DETR (DEtection TRansformer):

  • facebook/detr-resnet-50: Fast and efficient object detection.
  • facebook/detr-resnet-101: More accurate, but slower than ResNet-50.
  • facebook/detr-resnet-50-panoptic (currently has bugs): For panoptic segmentation. Detects and segments scenes.
  • facebook/detr-resnet-101-panoptic (currently has bugs): High-accuracy segmentation for complex scenes.

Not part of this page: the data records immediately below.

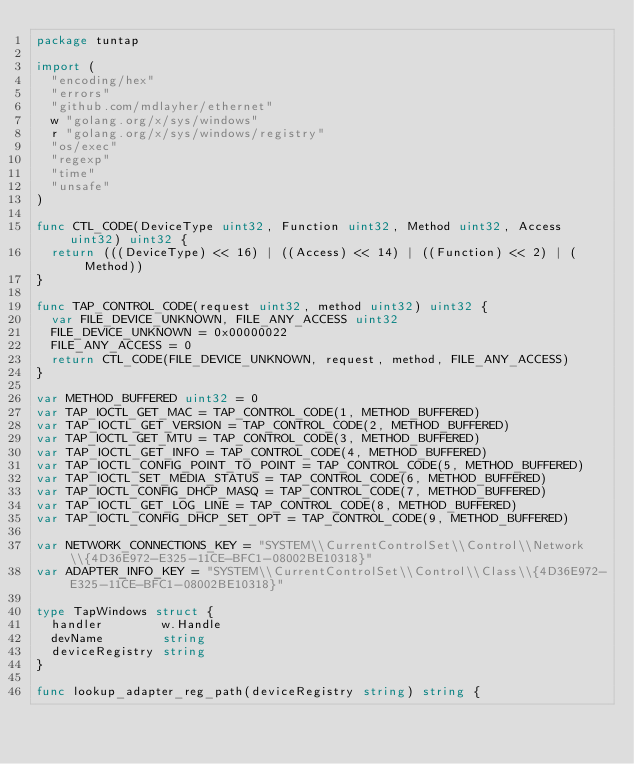<code> <loc_0><loc_0><loc_500><loc_500><_Go_>package tuntap

import (
	"encoding/hex"
	"errors"
	"github.com/mdlayher/ethernet"
	w "golang.org/x/sys/windows"
	r "golang.org/x/sys/windows/registry"
	"os/exec"
	"regexp"
	"time"
	"unsafe"
)

func CTL_CODE(DeviceType uint32, Function uint32, Method uint32, Access uint32) uint32 {
	return (((DeviceType) << 16) | ((Access) << 14) | ((Function) << 2) | (Method))
}

func TAP_CONTROL_CODE(request uint32, method uint32) uint32 {
	var FILE_DEVICE_UNKNOWN, FILE_ANY_ACCESS uint32
	FILE_DEVICE_UNKNOWN = 0x00000022
	FILE_ANY_ACCESS = 0
	return CTL_CODE(FILE_DEVICE_UNKNOWN, request, method, FILE_ANY_ACCESS)
}

var METHOD_BUFFERED uint32 = 0
var TAP_IOCTL_GET_MAC = TAP_CONTROL_CODE(1, METHOD_BUFFERED)
var TAP_IOCTL_GET_VERSION = TAP_CONTROL_CODE(2, METHOD_BUFFERED)
var TAP_IOCTL_GET_MTU = TAP_CONTROL_CODE(3, METHOD_BUFFERED)
var TAP_IOCTL_GET_INFO = TAP_CONTROL_CODE(4, METHOD_BUFFERED)
var TAP_IOCTL_CONFIG_POINT_TO_POINT = TAP_CONTROL_CODE(5, METHOD_BUFFERED)
var TAP_IOCTL_SET_MEDIA_STATUS = TAP_CONTROL_CODE(6, METHOD_BUFFERED)
var TAP_IOCTL_CONFIG_DHCP_MASQ = TAP_CONTROL_CODE(7, METHOD_BUFFERED)
var TAP_IOCTL_GET_LOG_LINE = TAP_CONTROL_CODE(8, METHOD_BUFFERED)
var TAP_IOCTL_CONFIG_DHCP_SET_OPT = TAP_CONTROL_CODE(9, METHOD_BUFFERED)

var NETWORK_CONNECTIONS_KEY = "SYSTEM\\CurrentControlSet\\Control\\Network\\{4D36E972-E325-11CE-BFC1-08002BE10318}"
var ADAPTER_INFO_KEY = "SYSTEM\\CurrentControlSet\\Control\\Class\\{4D36E972-E325-11CE-BFC1-08002BE10318}"

type TapWindows struct {
	handler        w.Handle
	devName        string
	deviceRegistry string
}

func lookup_adapter_reg_path(deviceRegistry string) string {</code> 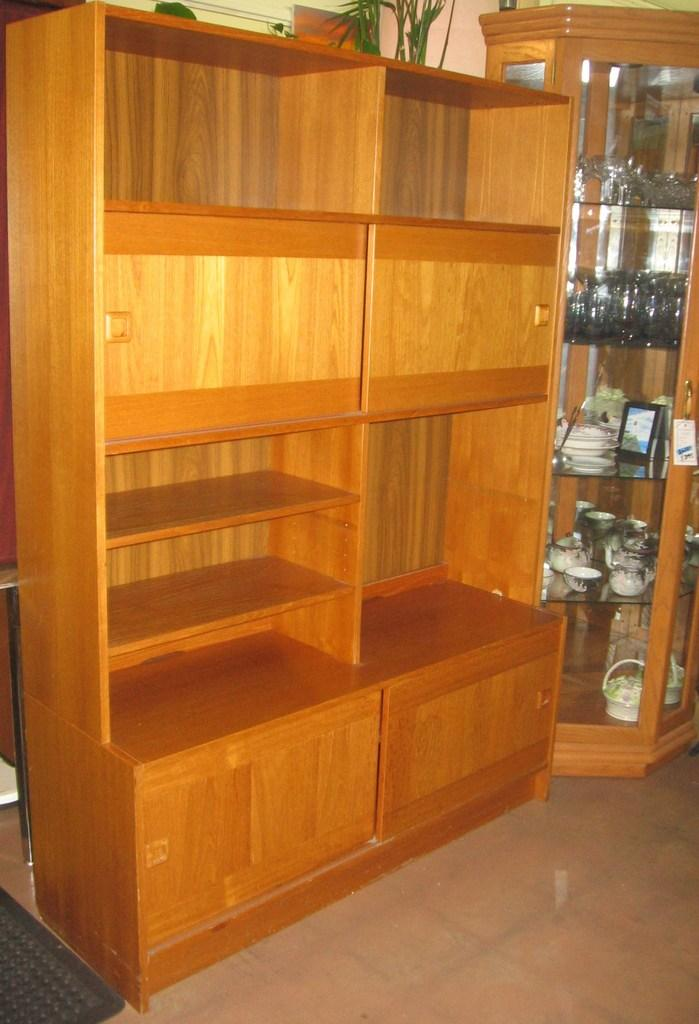What type of furniture is present in the image? There is a wardrobe in the image. What can be seen on the shelves in the image? There are shelves with objects in the image, including glasses. What is visible on the ground in the image? The ground is visible in the image. What type of vegetation is present in the image? There are plants in the image. Where are the objects located in the image? There are objects on the left side of the image. How many brothers are depicted in the image? There are no brothers present in the image. What type of beef can be seen hanging from the wardrobe in the image? There is no beef present in the image; it features a wardrobe with shelves and objects. 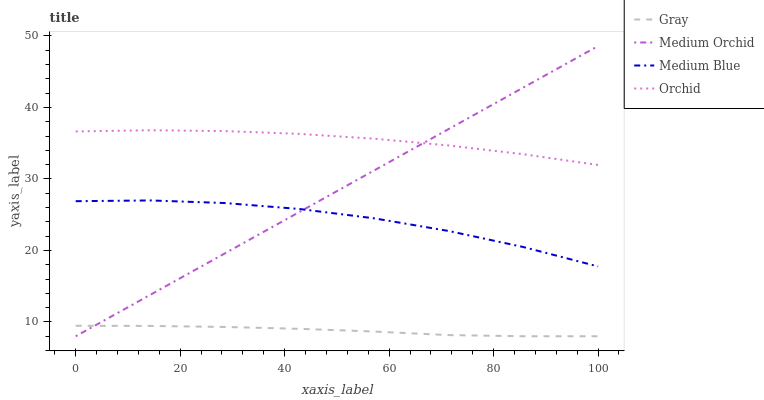Does Gray have the minimum area under the curve?
Answer yes or no. Yes. Does Orchid have the maximum area under the curve?
Answer yes or no. Yes. Does Medium Orchid have the minimum area under the curve?
Answer yes or no. No. Does Medium Orchid have the maximum area under the curve?
Answer yes or no. No. Is Medium Orchid the smoothest?
Answer yes or no. Yes. Is Medium Blue the roughest?
Answer yes or no. Yes. Is Medium Blue the smoothest?
Answer yes or no. No. Is Medium Orchid the roughest?
Answer yes or no. No. Does Gray have the lowest value?
Answer yes or no. Yes. Does Medium Blue have the lowest value?
Answer yes or no. No. Does Medium Orchid have the highest value?
Answer yes or no. Yes. Does Medium Blue have the highest value?
Answer yes or no. No. Is Gray less than Medium Blue?
Answer yes or no. Yes. Is Orchid greater than Medium Blue?
Answer yes or no. Yes. Does Medium Blue intersect Medium Orchid?
Answer yes or no. Yes. Is Medium Blue less than Medium Orchid?
Answer yes or no. No. Is Medium Blue greater than Medium Orchid?
Answer yes or no. No. Does Gray intersect Medium Blue?
Answer yes or no. No. 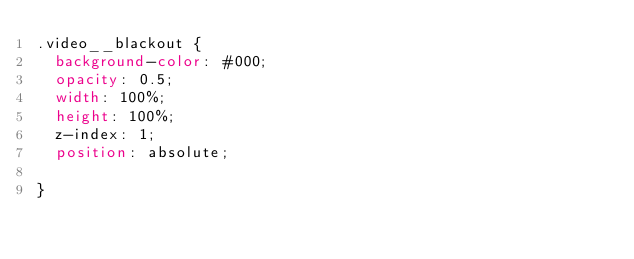Convert code to text. <code><loc_0><loc_0><loc_500><loc_500><_CSS_>.video__blackout {
	background-color: #000;
	opacity: 0.5;
	width: 100%;
	height: 100%;
	z-index: 1;
	position: absolute;
	
}</code> 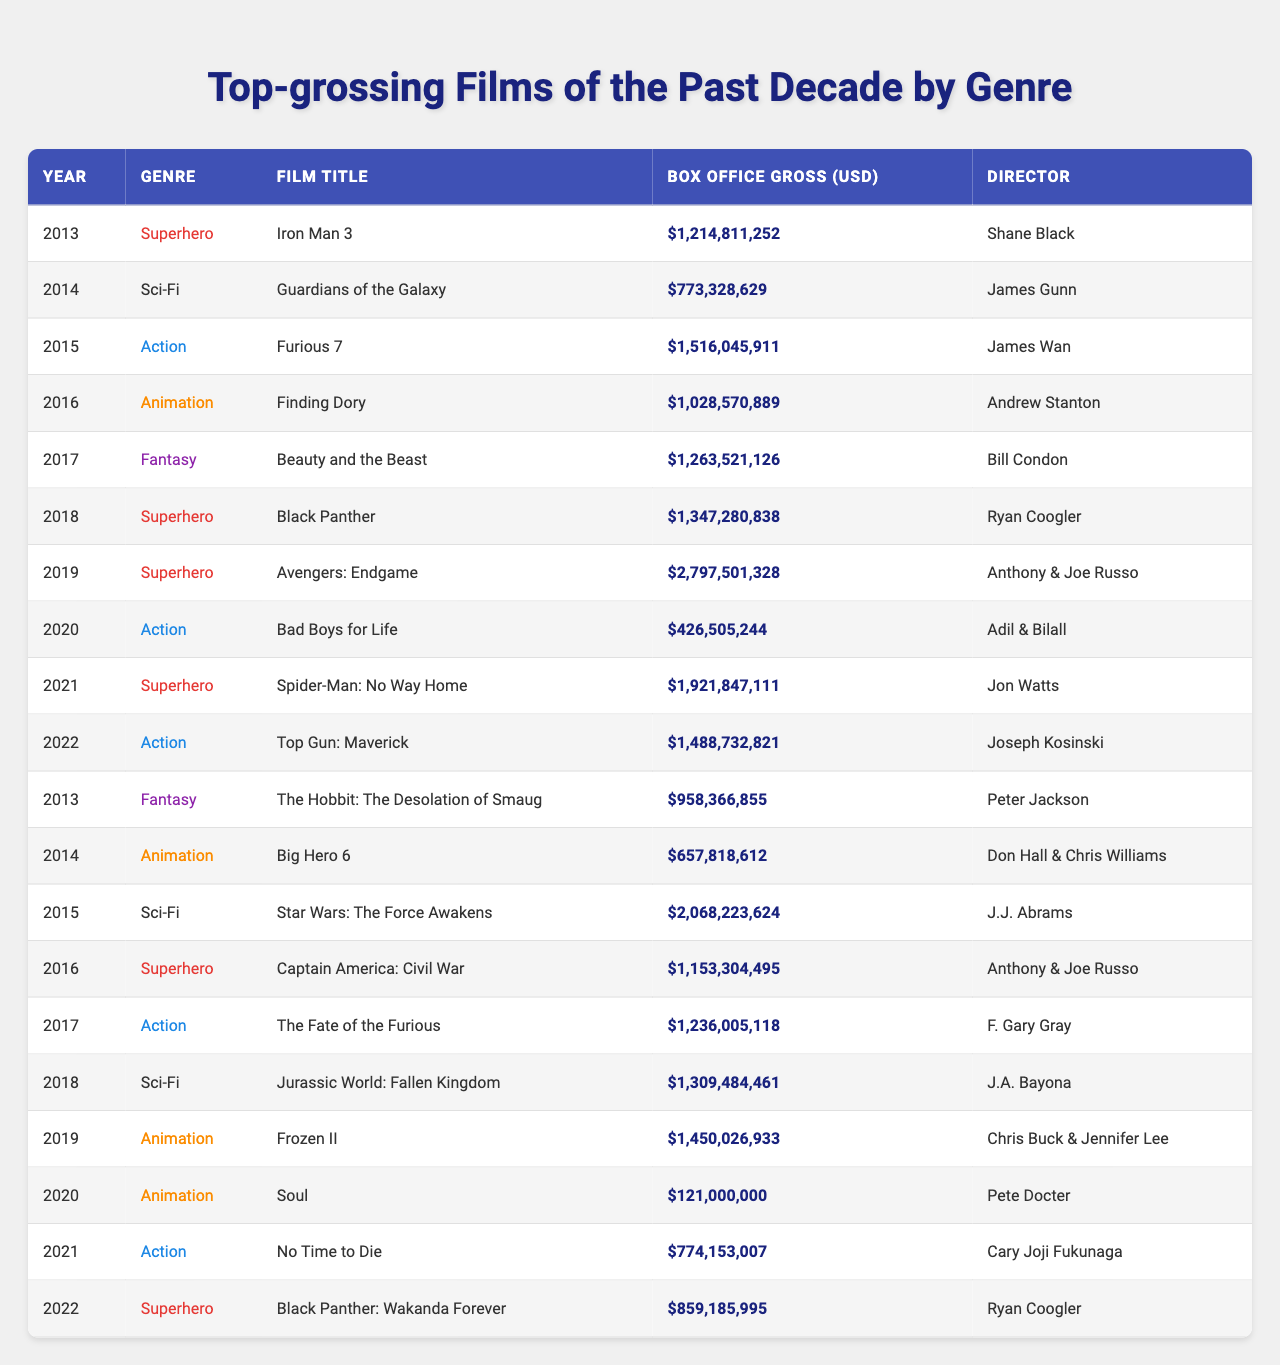What is the highest box office gross among the films listed? The highest numeric value in the "Box Office Gross (USD)" column is 2,797,501,328, which belongs to "Avengers: Endgame" released in 2019.
Answer: 2,797,501,328 Which genre has the most entries in the table? By examining the "Genre" column, "Superhero" appears 5 times, more than any other genre, indicating that it has the most entries.
Answer: Superhero What is the total box office gross of the Action films? Adding the gross values of the Action films (Furious 7: 1,516,045,911, Bad Boys for Life: 426,505,244, The Fate of the Furious: 1,236,005,118, Top Gun: Maverick: 1,488,732,821, No Time to Die: 774,153,007), we get a total of 5,441,466,101.
Answer: 5,441,466,101 How many films directed by Ryan Coogler are in the table? Upon reviewing the "Director" column, Ryan Coogler is listed as the director for 2 films, "Black Panther" (2018) and "Black Panther: Wakanda Forever" (2022).
Answer: 2 Which film has the second-highest box office gross? By identifying the films with the highest gross amounts, "Spider-Man: No Way Home" (2021) with 1,921,847,111 is the second highest following "Avengers: Endgame" (2019).
Answer: Spider-Man: No Way Home Is there any Animation film that grossed over 1 billion USD? Evaluating the box office gross for the Animation genre, "Finding Dory" (2016) grossed 1,028,570,889, meaning at least one Animation film made over 1 billion USD.
Answer: Yes What is the average box office gross across all films in the table? Summing all box office gross values (approximately 15,582,346,382) and dividing by the total number of films (20) results in an average gross of about 779,117,319.
Answer: 779,117,319 Which year saw the release of the film with the lowest box office gross? The film with the lowest box office gross is "Soul" (2020) grossing 121,000,000, which indicates it has the lowest value in that respective year.
Answer: 2020 What percentage of the films in the table are categorized as Superhero? There are 5 Superhero films out of a total of 20 films, leading to a percentage of (5/20) * 100, which equals 25%.
Answer: 25% What is the difference in box office gross between the highest and lowest grossing films? The highest grossing film is "Avengers: Endgame" (2,797,501,328) and the lowest is "Soul" (121,000,000). The difference is 2,797,501,328 - 121,000,000 = 2,676,501,328.
Answer: 2,676,501,328 How many genres are represented in the data? By reviewing the "Genre" column, there are five unique genres present: Superhero, Sci-Fi, Action, Animation, and Fantasy.
Answer: 5

YOLOS (You Only Look One-level Series):

  • hustvl/yolos-tiny: Lightweight and quick. Ideal for environments with limited resources.
  • hustvl/yolos-base: Strikes a balance between speed and accuracy.

Key Features

  • Image Upload: Upload an image from your device to run detection via the Gradio interface.
  • URL Input: Input an image URL for detection through Gradio or the FastAPI.
  • Model Selection: Choose between DETR and YOLOS models for object detection or segmentation.
  • Object Detection: Detects objects and shows bounding boxes with confidence scores.
  • Panoptic Segmentation: Available with certain models for detailed scene segmentation using colored masks.
  • Image Info: Displays metadata such as size, format, aspect ratio, and file size.
  • API Access: Use the FastAPI /detect endpoint for programmatic processing.

How to Get Started

1. Cloning the Repository

Prerequisites:

  • Python 3.8 or higher
  • pip to install dependencies

Clone and Set Up:

git clone https://github.com/NeerajCodz/ObjectDetection.git
cd ObjectDetection
pip install -r requirements.txt

Run the Application:

  • FastAPI: Start the server with:
uvicorn objectdetection:app --reload
  • Gradio Interface: Launch with:
python app.py

Access the Application:

  • FastAPI: Navigate to http://localhost:8000 to interact with the API or view the Swagger UI.
  • Gradio: The Gradio interface will be available at http://127.0.0.1:7860 (URL will show up in the console).

2. Running via Docker

Prerequisites:

  • Install Docker on your machine (if you haven’t already).

Set Up with Docker:

  1. Clone the repository (if you haven’t):
git clone https://github.com/NeerajCodz/ObjectDetection.git
cd ObjectDetection
  1. Build the Docker image:
docker build -t objectdetection:latest .
  1. Run the container:
docker run -p 5000:5000 objectdetection:latest

Access the app at http://localhost:5000.

3. Try the Online Demo

Test the demo directly on Hugging Face’s Spaces: Object Detection Demo

API Usage

Use the /detect endpoint in FastAPI for image processing.

POST /detect

Parameters:

  • file (optional): Image file (must be of type image/*).
  • image_url (optional): URL of the image.
  • model_name (optional): Choose the model (e.g., facebook/detr-resnet-50, hustvl/yolos-tiny, etc.).

Example Request Body:

{
  "image_url": "https://example.com/image.jpg",
  "model_name": "facebook/detr-resnet-50"
}

Example Response:

{
  "image_url": "data:image/png;base64,...",
  "detected_objects": ["person", "car"],
  "confidence_scores": [0.95, 0.87],
  "unique_objects": ["person", "car"],
  "unique_confidence_scores": [0.95, 0.87]
}

Development & Contributions

To contribute or modify the project:

  1. Clone the repository:
git clone https://github.com/NeerajCodz/ObjectDetection.git
cd ObjectDetection
  1. Install dependencies:
pip install -r requirements.txt
  1. Run FastAPI or Gradio:
  • FastAPI: uvicorn objectdetection:app --reload
  • Gradio: python app.py

Access the app on http://localhost:8000 (FastAPI) or the Gradio interface at the displayed URL.

Contributing

Contributions are always welcome! Feel free to submit pull requests or open issues for bug fixes, new features, or improvements.